Assim que começou escurecer, fizemos outra reunião. Havia alguns detalhes que precisavam ser discutidos.
-- Alguém ainda se lembra das regras que definimos ontem? – perguntei.
-- Manter o fogo sempre aceso – respondeu alguém.
-- Construir uma cabana – disse a outra.
-- É isso aí – falei. A cabana já está construída. Bem ou mal é uma cabana. Aos poucos a gente vai melhorando ela.
-- Você tem toda a razão, Sílvio – disse Luciana.
-- Então, agora está na hora de definirmos mais algumas regras. Vocês não acham?
-- Não sei – respondeu Ana Paula. – Será que a gente precisa de mais regras?
-- Claro que sim! – falei. – Se não existissem regras, o mundo seria um caos. Como é que as pessoas iam conviver umas com as outras sem regras?

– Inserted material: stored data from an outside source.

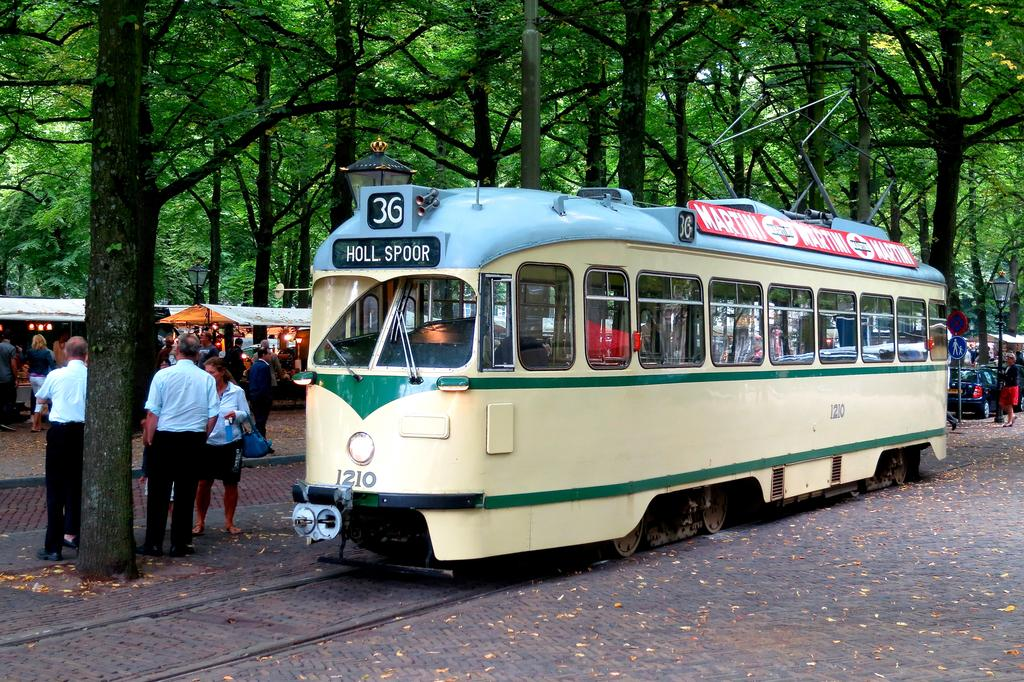What is the main subject of the image? The main subject of the image is a train on the track. Where are the people located in the image? The people are standing on the left side of the image. What type of natural scenery can be seen in the image? There are trees visible in the image. What other mode of transportation can be seen in the image? There is a car on the right side of the image. What type of jeans are the trees wearing in the image? Trees do not wear jeans, as they are not living beings capable of wearing clothing. 
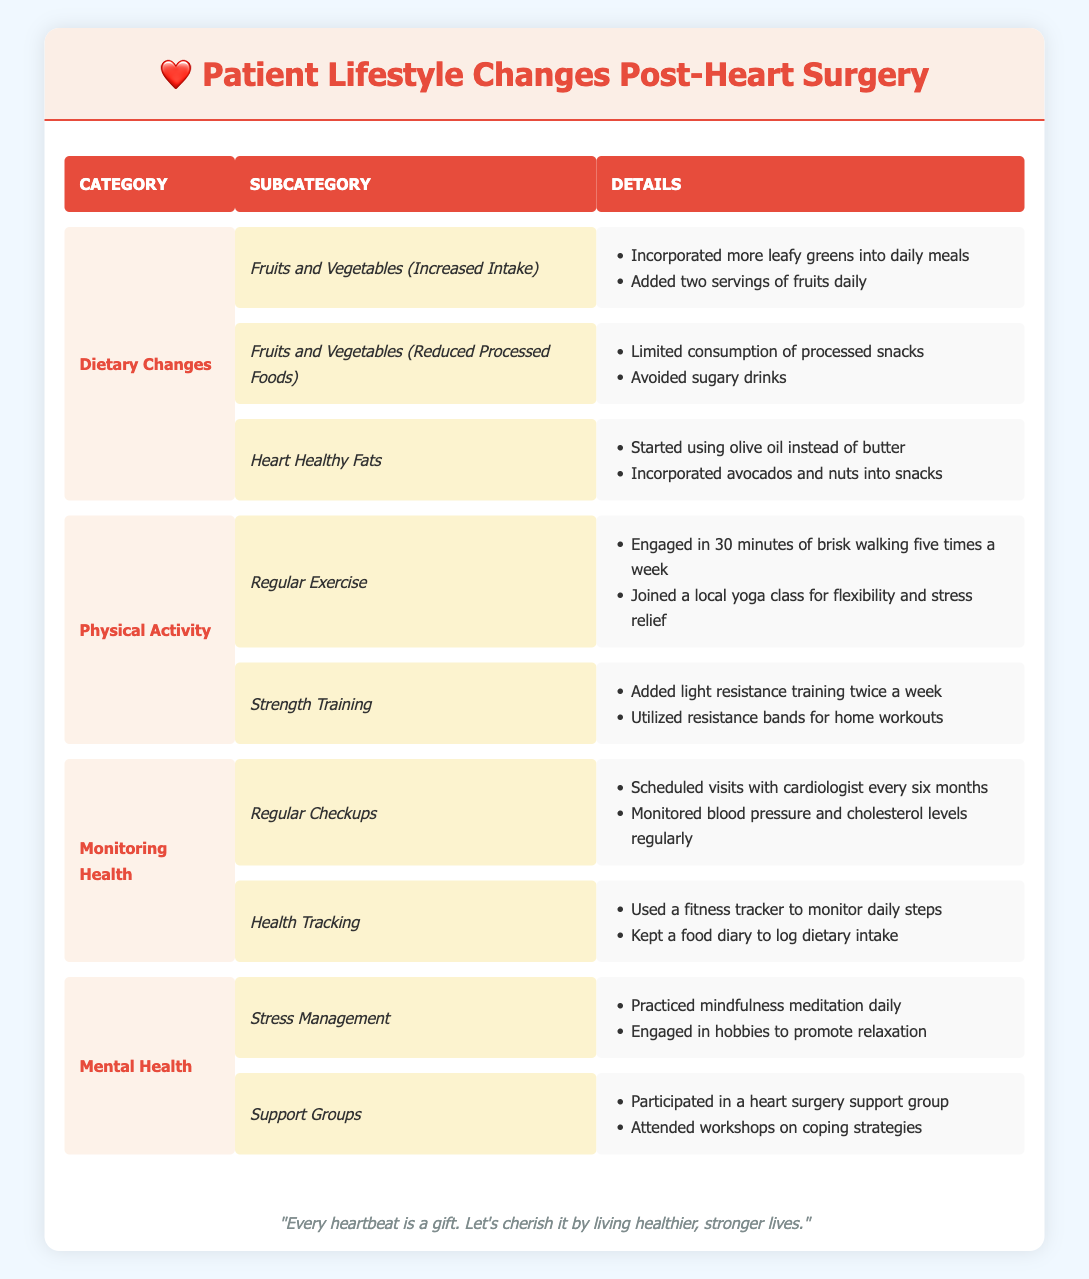What dietary changes did patients make in terms of fruit and vegetable intake? The table categorizes dietary changes into "Increased Intake" and "Reduced Processed Foods" under "Fruits and Vegetables." The details list specific changes: incorporating more leafy greens and adding two servings of fruits daily for increased intake, and limiting processed snacks and avoiding sugary drinks for reduced processed foods.
Answer: Increased intake and reduced processed foods How many changes were made in the 'Monitoring Health' category? There are two subcategories under "Monitoring Health": "Regular Checkups" and "Health Tracking." Each subcategory has two details listed: scheduled visits with a cardiologist and monitoring blood pressure in "Regular Checkups," and using a fitness tracker and keeping a food diary in "Health Tracking." Thus, there are 4 distinct details for the "Monitoring Health" category.
Answer: Four changes Is there a mention of any specific type of exercise included in the 'Regular Exercise' category? Yes, the "Regular Exercise" subcategory under "Physical Activity" lists engaging in 30 minutes of brisk walking and joining a local yoga class as specific types of exercises.
Answer: Yes What is the total number of details listed across all subcategories under 'Mental Health'? The "Mental Health" category has two subcategories: "Stress Management" and "Support Groups," with each containing two details. Therefore, the total details are 2 (stress management) + 2 (support groups) = 4.
Answer: Four details Did patients utilize a fitness tracker as part of their lifestyle changes? Yes, the detail under "Health Tracking" specifies that patients used a fitness tracker to monitor daily steps, indicating its inclusion in lifestyle changes post-surgery.
Answer: Yes In which category did patients incorporate healthy fats, and what were the specific changes made? The category "Dietary Changes" includes "Heart Healthy Fats." Specific changes are listed: starting to use olive oil instead of butter and incorporating avocados and nuts into snacks.
Answer: Dietary Changes, using olive oil and incorporating avocados and nuts What type of training is included under 'Strength Training', and how often do patients engage in it? The "Strength Training" subcategory mentions light resistance training added twice a week and utilizing resistance bands for home workouts, indicating the frequency and type of training.
Answer: Light resistance training twice a week What are the two specific activities included in the 'Support Groups' category? Under the "Support Groups" subcategory in the "Mental Health" category, two specific activities are mentioned: participating in a heart surgery support group and attending workshops on coping strategies.
Answer: Participating in a support group and attending coping strategy workshops How often are patients recommended to have cardiology checkups according to the table? The "Regular Checkups" subcategory states that patients should schedule visits with a cardiologist every six months, which is the frequency mentioned in the table.
Answer: Every six months

-- Mas aqui a gente está numa ilha – argumentou minha prima. – Só tem nós quatro. Para que regras? Não vamos ficar aqui por muito tempo, mesmo!
-- De certa forma você tem razão – interveio Luciana. – A gente poderia ficar um tempo sem regras. Ia ser bem legal. Aí a gente ia poder fazer tudo que quisesse – continuou ela, cheia de empolgação.
-- Eu não concordo – discordou Marcela, que até então se mantinha em silêncio. – Precisamos sim de regras. Ou vocês acham que somos animais?
-- Não é nada disso! – protestou Ana Paula. – Eu só quis dizer que somos civilizados o bastante para ficar sem regras nesse lugar até sermos resgatados. Talvez amanhã ou depois já saímos daqui. Se vamos ficar por pouco tempo, pra que regras?
-- Tudo bem, então – falei. – Já que vocês querem assim. Mas como líder, quero determinar duas coisas: primeiro, vamos continuar tomando conta da fogueira; segundo, tudo deve ser dividido, desde as tarefas mais simples até o que formos comer. Ninguém deve ter o privilégio de não fazer as coisas ou ter mais que os outros.
-- Também concordo – disse Luciana.
-- Por mim, tudo bem – falou Ana Paula, como se aquilo não lhe fizesse a menor diferença.
-- E você, Marcela? O que acha? – perguntei.
-- Se a maioria acha que não precisamos de regras, então ficamos sem elas. Mas só quero ver até onde isso vai dar. Aposto como daqui uns dias, vamos necessitar delas.
-- Não vamos não – disse Ana Paula. – Até lá já estaremos em casa.
-- Espero que você tenha razão, garota – disse Marcela.
E ali ficamos conversando por mais algum tempo. A conversa caiu para temas banais dos quais não me recordo. Falávamos de situações e recordações de momentos engraçados na escola e no dia-a-dia.
Depois alguém sugeriu que fossemos tomar banho. E assim fizemos os quatros.
Foi muito divertido. Foi um dos momentos de maior descontração desde que chegamos naquela ilha. Brincamos de mergulhar e passar no meio das pernas do outro em baixo d’água, de pega-pega no meio das ondas e muito mais.
Só não ficamos mais porque estava começando a escurecer e era preciso abastecer a fogueira e buscar mais alguma coisa para comer.